By Doug Wilson
Bill Brady, the Republican nominee for Illinois governor, prefers to see challenges as opportunities.
By that measure, he said Illinois has "the greatest opportunity of any state in the nation."
With more than $70 billion in unfunded pension obligations, another $20 billion in bonded debt and about $5 billion in unpaid bills, Brady said it is no wonder Illinois has the worst bond rating in the nation.
The first step in recovering fiscal health is to "stop the bleeding."
"We can't afford to let Illinois keep spending beyond its means," Brady said during a campaign stop Monday in Quincy.
A state senator and business owner from Bloomington, Brady said he would run the state like a business, trimming expenses that have built up during the past eight years. He has pledged to cut 10 percent of state spending and balance the budget in his first year, but offered no specifics on how plans to achieve those goals and work to eliminate a $13 billion state budget deficit.
When challenged on whether 10 percent funding cuts would cripple schools, Brady would only say putting professionals in leadership will help. He suggested that employees who agree to forgo pay raises could help school districts. He did not say how that would help school districts recoup money they are owed by the state -- $5.8 million for Quincy Public Schools alone -- or offset earlier education cuts, including a 42 percent reduction in transportation funding announced last week by Gov. Pat Quinn.
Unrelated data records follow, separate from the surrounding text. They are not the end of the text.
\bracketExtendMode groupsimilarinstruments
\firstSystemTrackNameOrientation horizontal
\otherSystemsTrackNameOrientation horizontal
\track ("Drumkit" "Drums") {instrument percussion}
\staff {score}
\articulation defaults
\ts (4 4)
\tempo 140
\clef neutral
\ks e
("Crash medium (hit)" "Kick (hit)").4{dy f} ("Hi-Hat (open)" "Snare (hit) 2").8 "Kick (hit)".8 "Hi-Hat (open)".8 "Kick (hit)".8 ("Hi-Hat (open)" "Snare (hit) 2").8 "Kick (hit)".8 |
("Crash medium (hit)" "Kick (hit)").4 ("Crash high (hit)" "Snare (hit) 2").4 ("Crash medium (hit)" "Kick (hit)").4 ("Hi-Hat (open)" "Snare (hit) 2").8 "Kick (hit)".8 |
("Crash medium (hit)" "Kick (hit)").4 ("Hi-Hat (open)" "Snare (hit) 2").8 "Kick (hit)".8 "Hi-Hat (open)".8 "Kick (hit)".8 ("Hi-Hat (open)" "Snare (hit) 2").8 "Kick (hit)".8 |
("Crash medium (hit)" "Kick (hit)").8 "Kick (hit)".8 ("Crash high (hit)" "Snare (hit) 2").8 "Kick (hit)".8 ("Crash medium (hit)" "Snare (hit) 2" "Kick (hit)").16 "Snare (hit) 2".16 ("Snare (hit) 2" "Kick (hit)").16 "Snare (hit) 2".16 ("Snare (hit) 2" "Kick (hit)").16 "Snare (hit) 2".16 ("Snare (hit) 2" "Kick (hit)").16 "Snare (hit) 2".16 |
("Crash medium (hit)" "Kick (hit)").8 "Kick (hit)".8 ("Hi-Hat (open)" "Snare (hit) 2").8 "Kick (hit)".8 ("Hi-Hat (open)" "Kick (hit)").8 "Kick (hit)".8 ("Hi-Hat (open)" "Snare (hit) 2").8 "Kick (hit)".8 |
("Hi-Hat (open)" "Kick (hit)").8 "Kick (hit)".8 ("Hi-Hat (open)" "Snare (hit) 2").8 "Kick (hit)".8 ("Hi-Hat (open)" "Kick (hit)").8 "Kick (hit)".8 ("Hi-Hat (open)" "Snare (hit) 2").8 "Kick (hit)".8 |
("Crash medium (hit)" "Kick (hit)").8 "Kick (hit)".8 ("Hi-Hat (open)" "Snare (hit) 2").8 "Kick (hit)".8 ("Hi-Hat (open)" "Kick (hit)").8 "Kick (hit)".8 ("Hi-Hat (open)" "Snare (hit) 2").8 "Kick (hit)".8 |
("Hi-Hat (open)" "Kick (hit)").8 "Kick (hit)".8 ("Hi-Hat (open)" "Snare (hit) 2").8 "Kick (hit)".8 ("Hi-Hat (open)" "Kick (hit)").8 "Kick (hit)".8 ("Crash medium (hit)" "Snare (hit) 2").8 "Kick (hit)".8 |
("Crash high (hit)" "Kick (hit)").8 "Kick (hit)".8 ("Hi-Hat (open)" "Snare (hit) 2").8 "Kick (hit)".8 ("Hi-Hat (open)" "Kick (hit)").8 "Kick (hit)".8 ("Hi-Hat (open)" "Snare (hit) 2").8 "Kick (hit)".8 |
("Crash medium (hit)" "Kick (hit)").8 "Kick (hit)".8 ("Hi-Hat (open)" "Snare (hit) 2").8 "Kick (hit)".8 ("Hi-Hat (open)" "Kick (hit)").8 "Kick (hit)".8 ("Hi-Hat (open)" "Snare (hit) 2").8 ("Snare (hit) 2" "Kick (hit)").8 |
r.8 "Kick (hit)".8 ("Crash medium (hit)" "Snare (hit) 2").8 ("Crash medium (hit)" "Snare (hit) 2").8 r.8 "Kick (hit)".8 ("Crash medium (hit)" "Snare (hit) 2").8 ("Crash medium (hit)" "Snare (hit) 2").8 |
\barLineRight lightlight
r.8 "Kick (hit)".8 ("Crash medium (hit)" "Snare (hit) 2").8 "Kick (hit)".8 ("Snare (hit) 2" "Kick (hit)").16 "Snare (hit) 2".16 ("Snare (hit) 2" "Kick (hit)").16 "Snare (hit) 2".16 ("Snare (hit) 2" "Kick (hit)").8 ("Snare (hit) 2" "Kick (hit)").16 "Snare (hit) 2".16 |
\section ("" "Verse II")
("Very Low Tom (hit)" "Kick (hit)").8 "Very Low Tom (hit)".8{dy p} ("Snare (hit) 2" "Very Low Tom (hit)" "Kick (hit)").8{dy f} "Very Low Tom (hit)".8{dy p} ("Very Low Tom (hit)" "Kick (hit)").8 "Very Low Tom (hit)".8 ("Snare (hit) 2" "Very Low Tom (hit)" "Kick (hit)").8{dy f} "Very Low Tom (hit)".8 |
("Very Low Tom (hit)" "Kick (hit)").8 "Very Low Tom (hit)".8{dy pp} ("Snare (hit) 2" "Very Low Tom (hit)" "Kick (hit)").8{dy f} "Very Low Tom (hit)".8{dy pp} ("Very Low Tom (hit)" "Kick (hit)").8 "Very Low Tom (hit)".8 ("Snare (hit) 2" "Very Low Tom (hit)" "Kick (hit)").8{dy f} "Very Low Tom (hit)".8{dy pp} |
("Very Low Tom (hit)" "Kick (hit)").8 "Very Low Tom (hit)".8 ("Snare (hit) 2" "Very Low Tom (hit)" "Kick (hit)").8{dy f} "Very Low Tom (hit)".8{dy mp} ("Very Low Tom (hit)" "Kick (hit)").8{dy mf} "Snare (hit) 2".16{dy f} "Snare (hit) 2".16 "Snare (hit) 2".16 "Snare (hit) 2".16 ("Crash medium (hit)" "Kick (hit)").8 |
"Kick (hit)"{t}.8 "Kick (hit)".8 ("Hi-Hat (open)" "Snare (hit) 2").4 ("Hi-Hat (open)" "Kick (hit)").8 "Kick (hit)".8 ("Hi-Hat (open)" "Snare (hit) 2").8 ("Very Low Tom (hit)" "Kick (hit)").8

During a later stop, Brady pledged to eliminate the Illinois State Board of Education, trimming about half of the $80 million that currently goes to that agency.
Earlier this year, former GOP Gov. Jim Edgar called Brady's budget plan "simplistic" and "naive." Edgar has said the state must cut spending and then increase taxes. A disastrous fiscal situation in the early 1990s forced the Republican governor to make drastic cuts and make permanent a temporary income tax increase.
"If we root out corruption and fraud and abuse ... we can have better government, with 90 cents on the dollar, than we have now," Brady said.
Cost-cutting moves will occupy the first year if Brady is elected, he said. But to restore Illinois to fiscal health, he said a lot of business-friendly reforms will also be needed. Workers compensation needs to be fixed, because it currently costs twice as much as some surrounding states, Brady said. He also wants to see medical malpractice claims reduce, wants to eliminate Illinois estate taxes and would cut the regulations that make it hard to create ethanol and biodiesel facilities or coal mines.
Brady said each of those things will reduce some of the disincentives to job creation in Illinois. Brady said the next step will be to provide incentives such a $2,100 tax credit for each new job created by a business.
"That's half of the $4,200 that gets paid in to the state in new revenue the first year a job is created. That's part of what it's going to take to bring back the 700,000 jobs the state has lost in the past 10 years," Brady said.
Brady said Democratic nominee Quinn's plan for an income tax hike would be "a job killer."
Quinn's campaign spokesman could not immediately be reached for a comment but has previously said that Brady's 10 percent budget cuts would be harmful to Illinois and its citizens.
Brady's first local campaign stop of the day was at Industrial Support Services, where company president Nick Lansing is working to rebuild the jobs that were lost in recent years. At one time ISS had nearly 400 employees, but now has 42 workers on payroll. Lansing showed Brady how some new product lines hold promise for the company.
Kim Maisch, state director for the National Federation of Independent Business, also announced the NFIB's political action committee's endorsement of Brady.
"He has a 96 percent lifetime voting record of supporting business" and 93 percent of the NFIB's Illinois members urged support for Brady, Maisch said.
During a luncheon meeting at Knapheide Manufacturing, Brady spoke to local business leaders.
He got his loudest applause of the day while promising to end the atmosphere of corruption in Springfield.
"Yes I will live in the governor's mansion if you so choose to put me there. But I promise you that will be the only form of government housing I will accept. I'll refuse to go anywhere they have bars," Brady said.